Focus Sur la Quintessence de la Lettre Ouverte de Maître Timothée MBUYA Adressée au Vice-Premier Ministre et Ministre de l’ Intérieur au Sujet de la  » Rétention » du Gouverneur Jacques KYABULA à KINSHASA

Au cœur de la lettre ouverte de Maître Timothée Mbuya adressée au Vice-Premier Ministre et Ministre de l’Intérieur, une interpellation nette: l’invitation régulière adressée au gouverneur Jacques Kyabula, fondée sur les articles 197 et suivants de la Constitution, s’est muée, par inertie et silence administratif, en une quasi-sanction dépourvue de base légale. Sans décision écrite, sans publication de la procédure et sans borne temporelle, la mesure produit les effets d’une restriction de liberté et d’exercice du mandat, au mépris des garanties élémentaires de l’État de droit et de la libre administration des provinces. L’auteur ne conteste pas le pouvoir de tutelle; il en dénonce le dévoiement lorsqu’il s’exerce sans forme, sans délai et hors contrôle.

Sur le terrain juridique et institutionnel, trois griefs majeurs sont articulés. D’abord, un déficit de motivation et de transparence: cinq mois écoulés sans communication officielle sur une enquête née de propos publics et d’une indisponibilité ponctuelle instaurent une insécurité juridique pour l’élu et pour ses administrés. Ensuite, une disproportion doublée d’une indétermination: la désignation d’un intérimaire n’est envisageable que de manière strictement temporaire et contextualisée, faute de quoi elle sape l’autonomie provinciale garantie par la Constitution.

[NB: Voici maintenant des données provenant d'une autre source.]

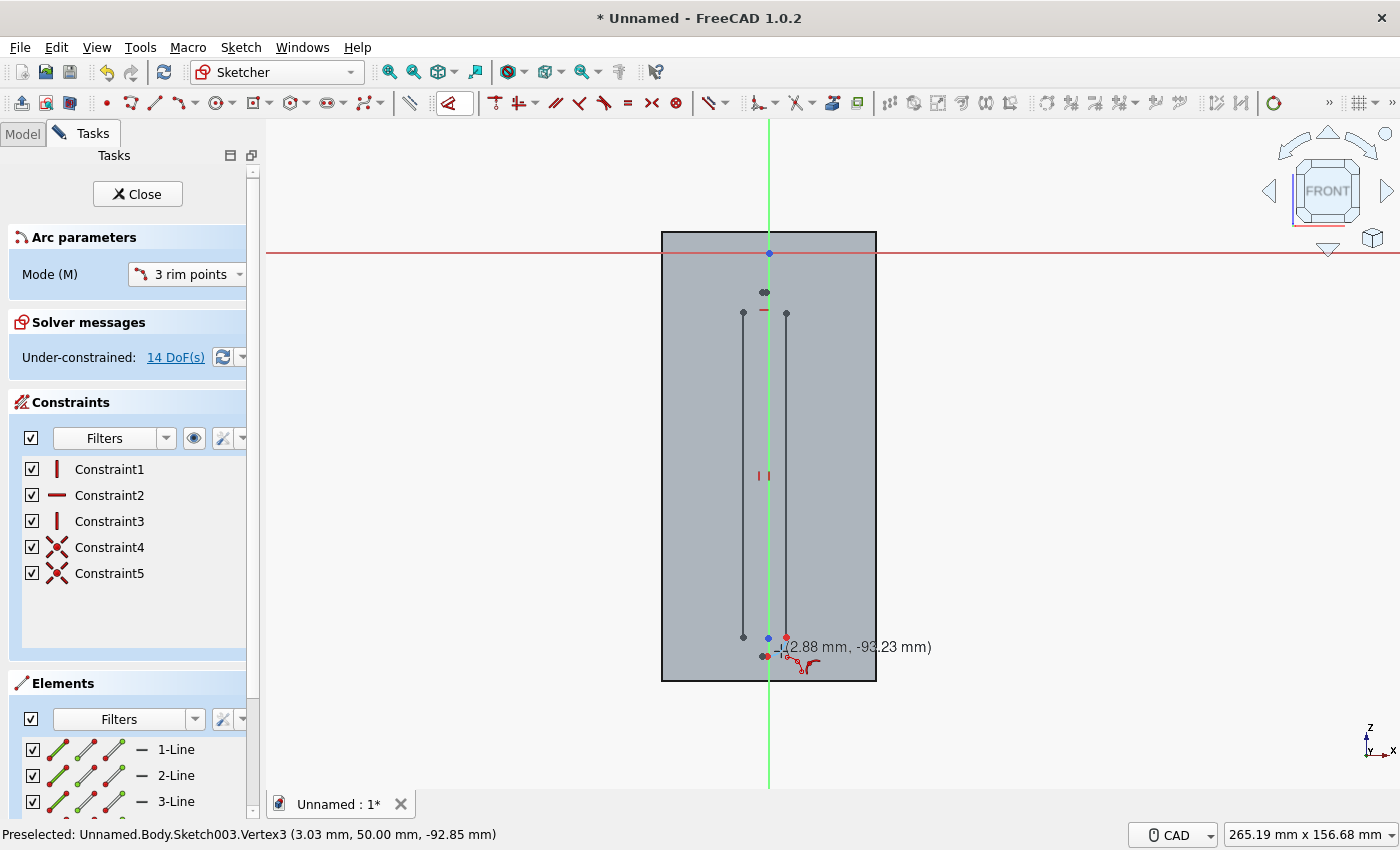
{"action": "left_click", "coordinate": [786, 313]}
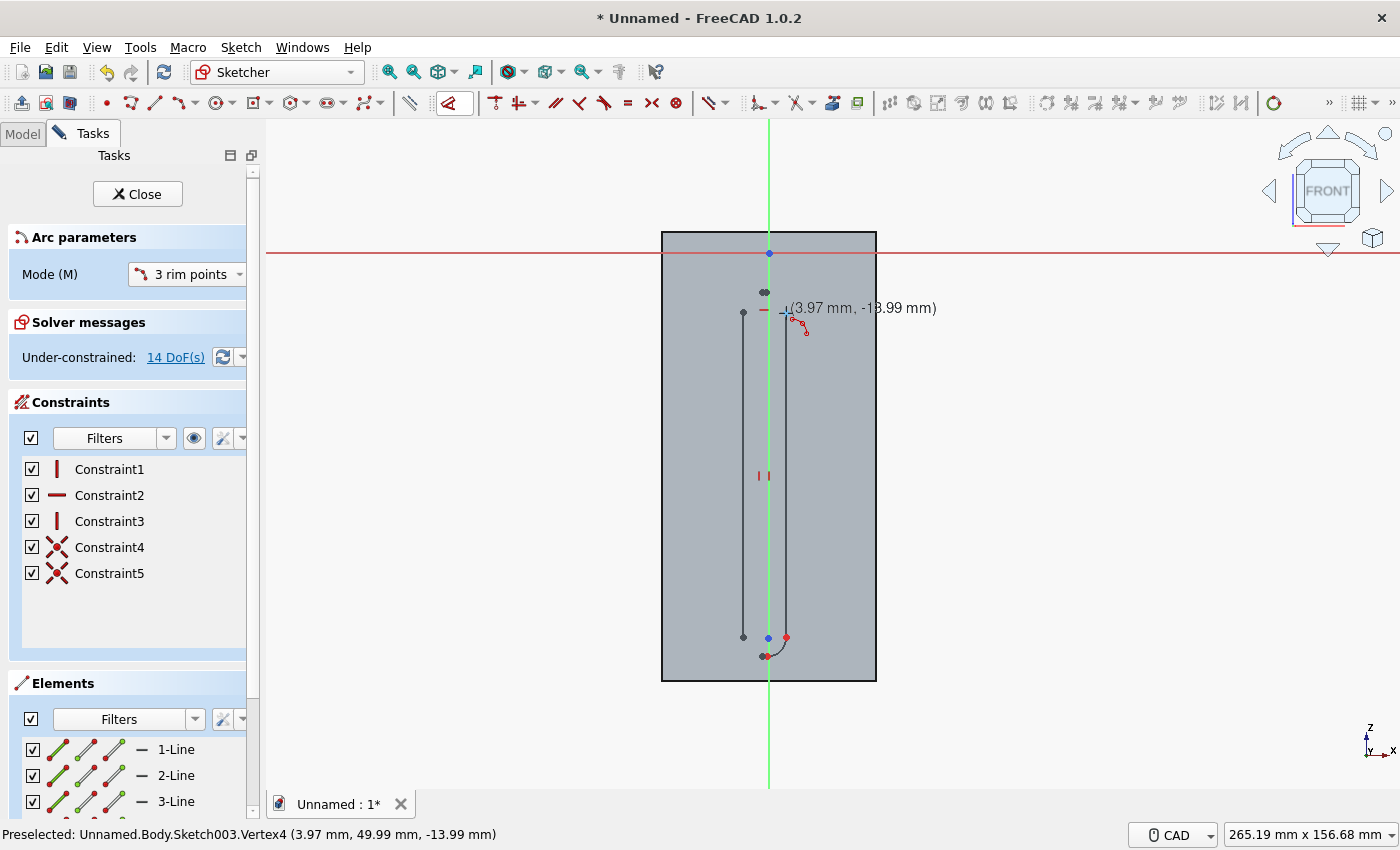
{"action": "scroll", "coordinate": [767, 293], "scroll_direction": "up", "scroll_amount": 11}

Enfin, une atteinte aux droits de la défense: toute suspension éventuelle doit être formalisée, motivée et accompagnée d’une possibilité effective de se défendre; à défaut, les voies compétentes — judiciaires ou parlementaires — doivent être saisies si des manquements pénaux ou constitutionnels sont allégués. Le problème n’est donc pas la tutelle, mais sa pratique lorsqu’elle échappe aux formes, aux délais et au contrôle.

Politiquement, la lettre avertit contre une gouvernance du non-dit qui, par la durée, finit par entériner une sanction politique inavouée, brouillant les frontières entre responsabilité administrative, arbitrage politique et respect des droits fondamentaux. En posant un ultimatum mesuré — réintégrer le gouverneur, formaliser une suspension régulière, ou saisir les instances appropriées — Maître Mbuya ramène le débat sur le terrain des institutions: publication des actes, hiérarchie des normes, reddition de comptes. L’enjeu dépasse le cas Kyabula: il engage la crédibilité des mécanismes de tutelle, la confiance des citoyens du Haut-Katanga et, plus largement, la consistance de l’État de droit proclamé par la République. À la clé, une exigence simple et non négociable: rétablir une chaîne continue de légalité — décision, motivation, délai raisonnable, contrôle démocratique — pour que la tutelle ne dérive jamais en arbitraire par défaut de forme et d’information.